(SOURCE DATA):

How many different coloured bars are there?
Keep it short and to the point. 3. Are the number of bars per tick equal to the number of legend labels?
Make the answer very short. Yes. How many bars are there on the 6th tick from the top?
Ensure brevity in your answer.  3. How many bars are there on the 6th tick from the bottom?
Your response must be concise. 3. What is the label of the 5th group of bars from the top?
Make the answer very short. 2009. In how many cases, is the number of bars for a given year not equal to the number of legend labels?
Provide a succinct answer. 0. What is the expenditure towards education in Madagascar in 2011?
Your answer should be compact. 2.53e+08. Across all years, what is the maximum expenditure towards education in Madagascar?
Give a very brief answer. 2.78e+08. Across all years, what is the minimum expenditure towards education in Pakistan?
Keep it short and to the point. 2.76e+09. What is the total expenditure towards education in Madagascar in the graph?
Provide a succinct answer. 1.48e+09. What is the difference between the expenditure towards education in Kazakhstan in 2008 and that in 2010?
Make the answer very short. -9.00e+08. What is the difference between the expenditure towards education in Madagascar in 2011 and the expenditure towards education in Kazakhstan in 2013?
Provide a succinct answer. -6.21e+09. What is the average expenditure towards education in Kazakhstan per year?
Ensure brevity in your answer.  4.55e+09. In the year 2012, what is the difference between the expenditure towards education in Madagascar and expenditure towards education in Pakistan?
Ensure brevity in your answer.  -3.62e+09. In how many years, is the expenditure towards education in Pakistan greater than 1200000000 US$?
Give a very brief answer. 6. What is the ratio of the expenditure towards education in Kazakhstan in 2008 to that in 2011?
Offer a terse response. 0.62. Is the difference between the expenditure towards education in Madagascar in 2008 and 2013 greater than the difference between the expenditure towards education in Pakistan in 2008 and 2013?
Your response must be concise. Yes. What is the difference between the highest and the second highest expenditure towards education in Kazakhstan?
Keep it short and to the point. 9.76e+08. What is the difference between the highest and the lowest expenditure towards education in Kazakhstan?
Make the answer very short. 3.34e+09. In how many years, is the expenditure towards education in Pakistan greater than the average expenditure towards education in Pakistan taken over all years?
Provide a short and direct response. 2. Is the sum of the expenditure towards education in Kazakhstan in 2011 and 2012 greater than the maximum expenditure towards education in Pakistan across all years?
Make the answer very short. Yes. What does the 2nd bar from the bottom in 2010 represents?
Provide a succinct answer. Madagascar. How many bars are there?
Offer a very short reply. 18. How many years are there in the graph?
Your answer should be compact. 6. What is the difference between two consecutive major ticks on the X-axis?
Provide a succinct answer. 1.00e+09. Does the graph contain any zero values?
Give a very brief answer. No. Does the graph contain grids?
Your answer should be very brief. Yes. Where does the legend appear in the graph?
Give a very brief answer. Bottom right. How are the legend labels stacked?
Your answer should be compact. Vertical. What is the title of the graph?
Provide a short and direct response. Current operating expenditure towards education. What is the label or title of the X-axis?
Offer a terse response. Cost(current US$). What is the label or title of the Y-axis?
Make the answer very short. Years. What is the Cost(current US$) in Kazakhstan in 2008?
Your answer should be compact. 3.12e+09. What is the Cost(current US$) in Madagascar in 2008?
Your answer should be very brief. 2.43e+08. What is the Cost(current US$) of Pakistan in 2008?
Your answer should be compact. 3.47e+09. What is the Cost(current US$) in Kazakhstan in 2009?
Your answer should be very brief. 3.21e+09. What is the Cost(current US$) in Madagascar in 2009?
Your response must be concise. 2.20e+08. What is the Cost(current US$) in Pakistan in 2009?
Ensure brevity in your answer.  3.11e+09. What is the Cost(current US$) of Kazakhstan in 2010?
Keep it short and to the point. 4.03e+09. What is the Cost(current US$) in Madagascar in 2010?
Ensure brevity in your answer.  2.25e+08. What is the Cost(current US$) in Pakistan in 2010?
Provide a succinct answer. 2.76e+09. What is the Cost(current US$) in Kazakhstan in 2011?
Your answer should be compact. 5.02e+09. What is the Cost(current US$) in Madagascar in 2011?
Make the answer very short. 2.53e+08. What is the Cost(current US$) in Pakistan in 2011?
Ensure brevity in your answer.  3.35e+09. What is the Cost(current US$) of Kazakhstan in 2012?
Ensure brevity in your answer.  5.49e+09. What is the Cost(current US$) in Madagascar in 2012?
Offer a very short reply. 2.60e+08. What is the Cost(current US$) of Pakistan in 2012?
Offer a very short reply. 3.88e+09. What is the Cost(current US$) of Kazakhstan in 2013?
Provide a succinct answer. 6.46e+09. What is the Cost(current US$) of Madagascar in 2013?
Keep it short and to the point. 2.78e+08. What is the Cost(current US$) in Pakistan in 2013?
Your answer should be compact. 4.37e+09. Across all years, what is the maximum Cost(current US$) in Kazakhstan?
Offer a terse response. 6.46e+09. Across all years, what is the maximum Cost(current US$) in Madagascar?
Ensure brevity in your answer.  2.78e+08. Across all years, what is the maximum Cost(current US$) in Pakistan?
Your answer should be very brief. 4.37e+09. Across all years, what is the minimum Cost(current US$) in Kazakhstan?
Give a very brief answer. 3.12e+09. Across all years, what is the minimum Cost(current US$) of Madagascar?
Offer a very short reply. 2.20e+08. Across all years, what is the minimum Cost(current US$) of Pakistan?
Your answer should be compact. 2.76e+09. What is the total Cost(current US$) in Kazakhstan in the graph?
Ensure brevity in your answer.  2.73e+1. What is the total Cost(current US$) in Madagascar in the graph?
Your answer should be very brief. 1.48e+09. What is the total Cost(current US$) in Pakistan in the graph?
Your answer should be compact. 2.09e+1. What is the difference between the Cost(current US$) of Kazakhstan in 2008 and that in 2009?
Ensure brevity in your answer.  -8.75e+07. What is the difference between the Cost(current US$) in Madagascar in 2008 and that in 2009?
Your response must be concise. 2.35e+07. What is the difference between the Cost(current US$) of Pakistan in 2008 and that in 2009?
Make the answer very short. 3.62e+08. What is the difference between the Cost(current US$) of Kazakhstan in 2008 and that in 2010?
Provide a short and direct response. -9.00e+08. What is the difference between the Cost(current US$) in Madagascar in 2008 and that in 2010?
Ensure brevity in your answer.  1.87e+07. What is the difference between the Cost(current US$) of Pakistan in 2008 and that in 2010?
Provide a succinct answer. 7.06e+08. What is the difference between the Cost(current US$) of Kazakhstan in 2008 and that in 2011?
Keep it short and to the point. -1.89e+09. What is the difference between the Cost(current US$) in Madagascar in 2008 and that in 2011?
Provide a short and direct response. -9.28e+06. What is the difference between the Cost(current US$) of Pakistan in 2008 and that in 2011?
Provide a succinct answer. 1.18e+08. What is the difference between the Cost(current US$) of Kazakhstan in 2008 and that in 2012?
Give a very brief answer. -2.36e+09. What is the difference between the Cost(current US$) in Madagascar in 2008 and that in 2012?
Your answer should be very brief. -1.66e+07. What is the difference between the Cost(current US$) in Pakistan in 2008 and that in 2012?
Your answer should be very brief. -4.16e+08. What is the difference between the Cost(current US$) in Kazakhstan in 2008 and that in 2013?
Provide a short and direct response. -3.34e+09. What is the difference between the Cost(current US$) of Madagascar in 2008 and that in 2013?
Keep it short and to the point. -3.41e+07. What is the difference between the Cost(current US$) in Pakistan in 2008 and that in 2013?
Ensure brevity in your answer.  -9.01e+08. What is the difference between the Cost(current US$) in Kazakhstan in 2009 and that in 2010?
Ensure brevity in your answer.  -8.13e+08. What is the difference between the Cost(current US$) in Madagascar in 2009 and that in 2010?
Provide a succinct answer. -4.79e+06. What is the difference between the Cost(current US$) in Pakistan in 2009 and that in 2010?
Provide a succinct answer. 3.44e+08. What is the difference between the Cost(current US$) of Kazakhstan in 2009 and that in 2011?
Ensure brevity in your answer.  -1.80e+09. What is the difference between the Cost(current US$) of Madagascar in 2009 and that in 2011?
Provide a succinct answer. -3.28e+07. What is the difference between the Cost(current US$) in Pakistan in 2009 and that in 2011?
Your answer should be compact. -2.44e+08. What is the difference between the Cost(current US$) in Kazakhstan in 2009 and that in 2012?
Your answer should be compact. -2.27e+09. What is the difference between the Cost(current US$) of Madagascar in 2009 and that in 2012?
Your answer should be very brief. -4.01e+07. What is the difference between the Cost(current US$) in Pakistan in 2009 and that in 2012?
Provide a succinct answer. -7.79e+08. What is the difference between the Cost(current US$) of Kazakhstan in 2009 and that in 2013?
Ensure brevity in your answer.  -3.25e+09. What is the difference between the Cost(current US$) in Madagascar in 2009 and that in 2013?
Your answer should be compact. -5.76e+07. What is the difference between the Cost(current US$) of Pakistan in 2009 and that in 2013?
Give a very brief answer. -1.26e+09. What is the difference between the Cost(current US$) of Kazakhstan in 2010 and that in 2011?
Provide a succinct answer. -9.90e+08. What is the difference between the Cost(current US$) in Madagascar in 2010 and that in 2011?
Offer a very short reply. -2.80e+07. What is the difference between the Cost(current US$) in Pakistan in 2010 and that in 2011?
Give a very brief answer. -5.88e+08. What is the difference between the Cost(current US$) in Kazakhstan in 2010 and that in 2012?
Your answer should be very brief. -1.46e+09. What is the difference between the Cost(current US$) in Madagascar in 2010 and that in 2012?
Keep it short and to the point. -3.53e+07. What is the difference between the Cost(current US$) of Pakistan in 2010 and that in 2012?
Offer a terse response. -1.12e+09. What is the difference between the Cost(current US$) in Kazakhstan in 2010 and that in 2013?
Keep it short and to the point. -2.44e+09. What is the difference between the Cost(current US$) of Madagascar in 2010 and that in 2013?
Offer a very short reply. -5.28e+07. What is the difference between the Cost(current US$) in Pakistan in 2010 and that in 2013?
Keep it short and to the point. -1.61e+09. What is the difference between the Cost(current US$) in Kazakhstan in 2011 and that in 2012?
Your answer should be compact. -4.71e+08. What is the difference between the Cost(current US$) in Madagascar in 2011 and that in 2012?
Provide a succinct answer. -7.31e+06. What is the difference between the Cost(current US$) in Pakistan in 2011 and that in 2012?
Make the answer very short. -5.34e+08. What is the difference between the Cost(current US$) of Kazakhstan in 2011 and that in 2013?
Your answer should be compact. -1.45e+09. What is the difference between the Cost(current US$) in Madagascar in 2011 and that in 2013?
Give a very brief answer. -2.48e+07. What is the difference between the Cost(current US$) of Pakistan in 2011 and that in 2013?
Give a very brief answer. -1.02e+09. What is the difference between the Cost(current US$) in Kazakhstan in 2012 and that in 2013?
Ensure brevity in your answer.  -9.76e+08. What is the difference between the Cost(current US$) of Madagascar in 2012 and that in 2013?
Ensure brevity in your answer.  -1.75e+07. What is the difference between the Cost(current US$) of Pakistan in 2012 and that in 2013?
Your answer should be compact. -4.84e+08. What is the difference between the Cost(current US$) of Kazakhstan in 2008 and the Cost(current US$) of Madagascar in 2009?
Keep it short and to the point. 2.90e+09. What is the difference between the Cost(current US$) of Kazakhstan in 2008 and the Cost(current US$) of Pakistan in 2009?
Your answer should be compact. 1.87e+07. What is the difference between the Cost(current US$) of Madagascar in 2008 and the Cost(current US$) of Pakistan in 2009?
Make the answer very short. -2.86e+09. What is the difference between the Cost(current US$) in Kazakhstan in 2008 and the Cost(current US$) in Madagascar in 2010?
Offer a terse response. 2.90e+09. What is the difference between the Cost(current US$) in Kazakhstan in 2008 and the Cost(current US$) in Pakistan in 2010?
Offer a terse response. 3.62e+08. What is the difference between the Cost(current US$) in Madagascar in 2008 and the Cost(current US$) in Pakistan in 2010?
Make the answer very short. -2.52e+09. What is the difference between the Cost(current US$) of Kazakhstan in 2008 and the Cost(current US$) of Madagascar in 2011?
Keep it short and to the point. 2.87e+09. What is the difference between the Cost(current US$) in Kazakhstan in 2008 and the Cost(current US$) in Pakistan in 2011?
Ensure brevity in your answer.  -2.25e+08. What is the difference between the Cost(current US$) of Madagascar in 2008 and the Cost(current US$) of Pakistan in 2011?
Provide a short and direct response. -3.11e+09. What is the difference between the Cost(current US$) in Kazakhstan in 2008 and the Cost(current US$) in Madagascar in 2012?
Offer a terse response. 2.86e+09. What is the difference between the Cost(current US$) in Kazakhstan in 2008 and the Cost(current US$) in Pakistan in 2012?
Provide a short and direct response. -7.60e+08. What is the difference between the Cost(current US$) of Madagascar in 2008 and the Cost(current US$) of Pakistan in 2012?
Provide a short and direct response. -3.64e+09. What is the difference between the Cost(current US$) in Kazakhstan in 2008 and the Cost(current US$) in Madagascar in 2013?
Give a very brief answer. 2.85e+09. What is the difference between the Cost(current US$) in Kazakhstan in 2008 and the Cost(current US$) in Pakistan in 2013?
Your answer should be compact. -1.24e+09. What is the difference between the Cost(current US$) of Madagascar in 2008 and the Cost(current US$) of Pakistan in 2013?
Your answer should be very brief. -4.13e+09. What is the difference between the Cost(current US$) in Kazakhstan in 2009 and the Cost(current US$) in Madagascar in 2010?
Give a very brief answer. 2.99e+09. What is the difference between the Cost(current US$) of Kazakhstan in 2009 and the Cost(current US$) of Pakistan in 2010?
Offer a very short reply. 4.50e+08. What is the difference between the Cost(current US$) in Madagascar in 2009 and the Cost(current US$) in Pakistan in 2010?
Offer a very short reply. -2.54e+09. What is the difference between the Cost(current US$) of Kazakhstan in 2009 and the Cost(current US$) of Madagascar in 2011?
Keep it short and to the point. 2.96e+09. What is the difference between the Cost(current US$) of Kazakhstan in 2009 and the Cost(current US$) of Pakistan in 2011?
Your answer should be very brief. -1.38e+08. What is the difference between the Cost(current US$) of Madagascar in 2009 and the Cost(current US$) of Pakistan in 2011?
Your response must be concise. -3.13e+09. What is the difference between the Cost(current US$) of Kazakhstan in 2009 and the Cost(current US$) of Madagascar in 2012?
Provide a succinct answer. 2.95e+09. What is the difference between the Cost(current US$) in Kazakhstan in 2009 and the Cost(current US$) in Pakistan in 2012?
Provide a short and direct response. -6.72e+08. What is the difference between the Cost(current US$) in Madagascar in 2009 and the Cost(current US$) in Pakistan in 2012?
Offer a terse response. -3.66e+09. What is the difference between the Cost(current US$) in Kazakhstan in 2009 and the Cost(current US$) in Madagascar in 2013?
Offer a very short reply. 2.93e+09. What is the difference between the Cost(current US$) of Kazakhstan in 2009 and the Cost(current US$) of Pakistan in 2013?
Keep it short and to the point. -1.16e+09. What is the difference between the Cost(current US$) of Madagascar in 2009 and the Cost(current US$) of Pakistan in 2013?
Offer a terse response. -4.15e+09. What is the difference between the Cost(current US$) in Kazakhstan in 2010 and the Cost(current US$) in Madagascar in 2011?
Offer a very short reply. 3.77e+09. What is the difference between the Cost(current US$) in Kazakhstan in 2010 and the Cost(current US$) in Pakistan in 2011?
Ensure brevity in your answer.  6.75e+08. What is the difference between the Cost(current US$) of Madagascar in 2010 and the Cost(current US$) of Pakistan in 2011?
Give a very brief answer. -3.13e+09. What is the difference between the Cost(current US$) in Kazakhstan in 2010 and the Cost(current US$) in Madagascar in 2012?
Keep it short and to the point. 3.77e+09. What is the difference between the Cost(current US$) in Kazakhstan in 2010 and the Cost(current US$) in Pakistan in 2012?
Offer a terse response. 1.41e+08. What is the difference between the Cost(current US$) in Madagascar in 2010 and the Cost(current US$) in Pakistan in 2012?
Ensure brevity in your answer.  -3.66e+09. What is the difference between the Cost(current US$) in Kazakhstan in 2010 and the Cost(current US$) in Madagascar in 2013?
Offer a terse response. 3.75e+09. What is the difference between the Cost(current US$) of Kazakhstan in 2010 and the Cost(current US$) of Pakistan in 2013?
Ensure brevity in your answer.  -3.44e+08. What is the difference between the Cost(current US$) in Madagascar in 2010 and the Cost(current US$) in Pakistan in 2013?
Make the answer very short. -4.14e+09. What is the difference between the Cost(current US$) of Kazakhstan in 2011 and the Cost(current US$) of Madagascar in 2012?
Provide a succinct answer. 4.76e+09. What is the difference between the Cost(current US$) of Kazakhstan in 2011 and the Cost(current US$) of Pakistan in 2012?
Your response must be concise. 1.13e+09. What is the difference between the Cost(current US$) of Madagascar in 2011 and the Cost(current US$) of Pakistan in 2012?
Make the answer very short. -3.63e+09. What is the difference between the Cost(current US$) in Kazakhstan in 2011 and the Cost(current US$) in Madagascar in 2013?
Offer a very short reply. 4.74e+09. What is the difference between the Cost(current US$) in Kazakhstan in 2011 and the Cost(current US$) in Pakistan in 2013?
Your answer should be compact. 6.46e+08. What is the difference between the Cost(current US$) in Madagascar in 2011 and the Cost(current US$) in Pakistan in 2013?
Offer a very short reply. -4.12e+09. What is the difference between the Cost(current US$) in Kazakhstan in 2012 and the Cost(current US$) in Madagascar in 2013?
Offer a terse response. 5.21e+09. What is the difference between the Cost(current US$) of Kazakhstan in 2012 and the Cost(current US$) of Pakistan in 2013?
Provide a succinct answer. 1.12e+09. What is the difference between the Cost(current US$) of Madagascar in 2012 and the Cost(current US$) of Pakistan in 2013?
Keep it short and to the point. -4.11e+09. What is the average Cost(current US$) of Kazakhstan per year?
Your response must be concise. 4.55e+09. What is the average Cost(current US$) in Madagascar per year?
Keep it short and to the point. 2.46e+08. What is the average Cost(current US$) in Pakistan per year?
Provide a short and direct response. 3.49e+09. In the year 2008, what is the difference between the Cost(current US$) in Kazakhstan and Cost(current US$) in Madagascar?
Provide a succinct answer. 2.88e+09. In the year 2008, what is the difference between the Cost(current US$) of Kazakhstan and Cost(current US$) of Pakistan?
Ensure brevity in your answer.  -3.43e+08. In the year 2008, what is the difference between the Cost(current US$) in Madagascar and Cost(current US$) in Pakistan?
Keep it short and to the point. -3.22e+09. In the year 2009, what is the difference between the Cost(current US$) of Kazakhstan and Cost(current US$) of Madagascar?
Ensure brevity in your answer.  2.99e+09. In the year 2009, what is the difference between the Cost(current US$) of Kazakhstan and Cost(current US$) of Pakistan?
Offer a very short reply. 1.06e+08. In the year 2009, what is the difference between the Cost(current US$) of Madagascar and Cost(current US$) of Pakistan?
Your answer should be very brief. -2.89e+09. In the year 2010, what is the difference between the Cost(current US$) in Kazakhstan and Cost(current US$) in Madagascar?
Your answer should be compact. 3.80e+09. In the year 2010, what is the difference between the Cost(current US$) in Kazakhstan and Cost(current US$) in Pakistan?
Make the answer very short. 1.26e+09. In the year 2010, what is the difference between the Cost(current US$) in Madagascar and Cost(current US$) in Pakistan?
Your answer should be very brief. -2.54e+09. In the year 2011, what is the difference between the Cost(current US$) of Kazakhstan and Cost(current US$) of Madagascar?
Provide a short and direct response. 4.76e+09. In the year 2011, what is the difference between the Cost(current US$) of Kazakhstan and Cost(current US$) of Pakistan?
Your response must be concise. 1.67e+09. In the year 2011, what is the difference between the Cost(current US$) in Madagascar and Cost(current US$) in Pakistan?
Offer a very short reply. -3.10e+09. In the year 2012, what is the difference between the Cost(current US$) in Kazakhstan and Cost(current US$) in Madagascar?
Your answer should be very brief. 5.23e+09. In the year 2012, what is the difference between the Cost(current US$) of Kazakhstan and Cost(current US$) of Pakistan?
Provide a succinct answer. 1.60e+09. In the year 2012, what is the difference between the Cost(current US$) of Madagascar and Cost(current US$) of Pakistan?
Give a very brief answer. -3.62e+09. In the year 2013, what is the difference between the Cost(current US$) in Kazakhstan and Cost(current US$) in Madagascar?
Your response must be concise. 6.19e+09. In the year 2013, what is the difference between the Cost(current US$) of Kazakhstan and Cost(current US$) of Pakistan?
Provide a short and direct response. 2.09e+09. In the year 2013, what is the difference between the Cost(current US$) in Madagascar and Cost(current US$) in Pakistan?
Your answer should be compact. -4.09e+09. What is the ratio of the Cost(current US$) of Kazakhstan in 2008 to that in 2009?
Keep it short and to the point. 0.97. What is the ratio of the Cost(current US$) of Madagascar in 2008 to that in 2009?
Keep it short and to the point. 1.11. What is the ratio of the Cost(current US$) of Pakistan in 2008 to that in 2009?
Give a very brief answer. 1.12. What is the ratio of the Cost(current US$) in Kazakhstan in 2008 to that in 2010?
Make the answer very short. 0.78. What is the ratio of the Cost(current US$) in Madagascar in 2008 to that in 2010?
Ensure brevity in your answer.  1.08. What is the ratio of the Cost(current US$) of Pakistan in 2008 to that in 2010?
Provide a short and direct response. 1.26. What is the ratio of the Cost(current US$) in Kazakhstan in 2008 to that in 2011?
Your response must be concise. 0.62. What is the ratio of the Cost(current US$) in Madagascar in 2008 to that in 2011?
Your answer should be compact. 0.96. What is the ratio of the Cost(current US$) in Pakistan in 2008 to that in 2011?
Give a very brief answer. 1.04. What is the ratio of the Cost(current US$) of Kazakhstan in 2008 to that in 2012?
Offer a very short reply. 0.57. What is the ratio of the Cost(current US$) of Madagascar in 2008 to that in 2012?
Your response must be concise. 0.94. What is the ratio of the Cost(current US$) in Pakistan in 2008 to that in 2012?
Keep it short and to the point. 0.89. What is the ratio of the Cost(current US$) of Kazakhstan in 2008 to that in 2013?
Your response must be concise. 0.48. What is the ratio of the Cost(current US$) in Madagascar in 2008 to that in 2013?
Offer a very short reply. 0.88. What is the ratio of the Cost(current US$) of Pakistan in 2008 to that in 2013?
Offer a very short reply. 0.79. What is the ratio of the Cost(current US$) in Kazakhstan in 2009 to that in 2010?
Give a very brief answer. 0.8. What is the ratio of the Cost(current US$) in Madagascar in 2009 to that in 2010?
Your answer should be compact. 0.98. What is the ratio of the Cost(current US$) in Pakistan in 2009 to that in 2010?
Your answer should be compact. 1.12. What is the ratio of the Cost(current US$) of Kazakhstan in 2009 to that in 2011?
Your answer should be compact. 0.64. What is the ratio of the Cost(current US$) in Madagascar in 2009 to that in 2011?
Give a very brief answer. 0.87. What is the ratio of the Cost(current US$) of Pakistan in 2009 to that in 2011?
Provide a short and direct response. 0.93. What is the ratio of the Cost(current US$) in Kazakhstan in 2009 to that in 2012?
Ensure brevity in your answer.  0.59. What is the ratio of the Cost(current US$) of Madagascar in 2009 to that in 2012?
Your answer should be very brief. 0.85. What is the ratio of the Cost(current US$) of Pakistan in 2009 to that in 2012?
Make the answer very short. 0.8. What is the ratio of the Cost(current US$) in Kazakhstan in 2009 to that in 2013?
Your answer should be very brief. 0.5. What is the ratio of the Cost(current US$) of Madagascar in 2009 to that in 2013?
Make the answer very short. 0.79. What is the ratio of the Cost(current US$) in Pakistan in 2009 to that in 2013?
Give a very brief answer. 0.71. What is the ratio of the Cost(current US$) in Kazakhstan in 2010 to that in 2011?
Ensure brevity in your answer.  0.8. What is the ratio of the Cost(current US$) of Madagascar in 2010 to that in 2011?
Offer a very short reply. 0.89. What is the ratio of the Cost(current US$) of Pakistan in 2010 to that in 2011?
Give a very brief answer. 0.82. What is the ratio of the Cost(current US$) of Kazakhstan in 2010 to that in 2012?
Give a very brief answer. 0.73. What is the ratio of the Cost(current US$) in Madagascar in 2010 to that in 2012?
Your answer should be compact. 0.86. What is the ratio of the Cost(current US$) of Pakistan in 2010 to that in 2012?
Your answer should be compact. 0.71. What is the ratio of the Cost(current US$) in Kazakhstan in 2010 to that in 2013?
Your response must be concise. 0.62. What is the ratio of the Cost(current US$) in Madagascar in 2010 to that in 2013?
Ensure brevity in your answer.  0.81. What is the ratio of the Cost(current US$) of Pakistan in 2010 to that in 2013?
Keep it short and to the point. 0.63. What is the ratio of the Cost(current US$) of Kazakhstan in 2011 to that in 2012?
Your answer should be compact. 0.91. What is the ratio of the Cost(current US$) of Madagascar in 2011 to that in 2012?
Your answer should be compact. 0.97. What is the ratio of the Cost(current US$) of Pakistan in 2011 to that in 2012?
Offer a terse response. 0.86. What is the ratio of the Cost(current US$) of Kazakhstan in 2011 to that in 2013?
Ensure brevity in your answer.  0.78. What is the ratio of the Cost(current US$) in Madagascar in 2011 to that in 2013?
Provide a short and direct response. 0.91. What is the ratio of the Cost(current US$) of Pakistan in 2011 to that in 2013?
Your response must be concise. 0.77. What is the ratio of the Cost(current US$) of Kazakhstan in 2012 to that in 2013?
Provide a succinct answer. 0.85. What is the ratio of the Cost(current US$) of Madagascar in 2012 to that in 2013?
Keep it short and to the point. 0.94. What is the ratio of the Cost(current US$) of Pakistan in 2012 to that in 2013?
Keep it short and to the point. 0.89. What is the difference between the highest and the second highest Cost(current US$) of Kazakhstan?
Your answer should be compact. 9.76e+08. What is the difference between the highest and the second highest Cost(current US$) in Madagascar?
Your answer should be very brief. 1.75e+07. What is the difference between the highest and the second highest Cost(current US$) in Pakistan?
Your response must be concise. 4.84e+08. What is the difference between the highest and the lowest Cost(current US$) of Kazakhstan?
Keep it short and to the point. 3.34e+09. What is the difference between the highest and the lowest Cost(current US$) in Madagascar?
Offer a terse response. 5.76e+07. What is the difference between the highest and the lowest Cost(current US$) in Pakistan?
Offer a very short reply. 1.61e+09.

(WHAT THE TASK REQUIRES): Starting with the first line of the entries and ending with the line that has "Your answer should be compact. 2.53e+08.", copy each line exactly and add nothing.

(PROBLEM SOLUTION):
How many different coloured bars are there?
Keep it short and to the point. 3. Are the number of bars per tick equal to the number of legend labels?
Make the answer very short. Yes. How many bars are there on the 6th tick from the top?
Ensure brevity in your answer.  3. How many bars are there on the 6th tick from the bottom?
Your response must be concise. 3. What is the label of the 5th group of bars from the top?
Make the answer very short. 2009. In how many cases, is the number of bars for a given year not equal to the number of legend labels?
Provide a succinct answer. 0. What is the expenditure towards education in Madagascar in 2011?
Your answer should be compact. 2.53e+08. Across all years, what is the maximum expenditure towards education in Madagascar?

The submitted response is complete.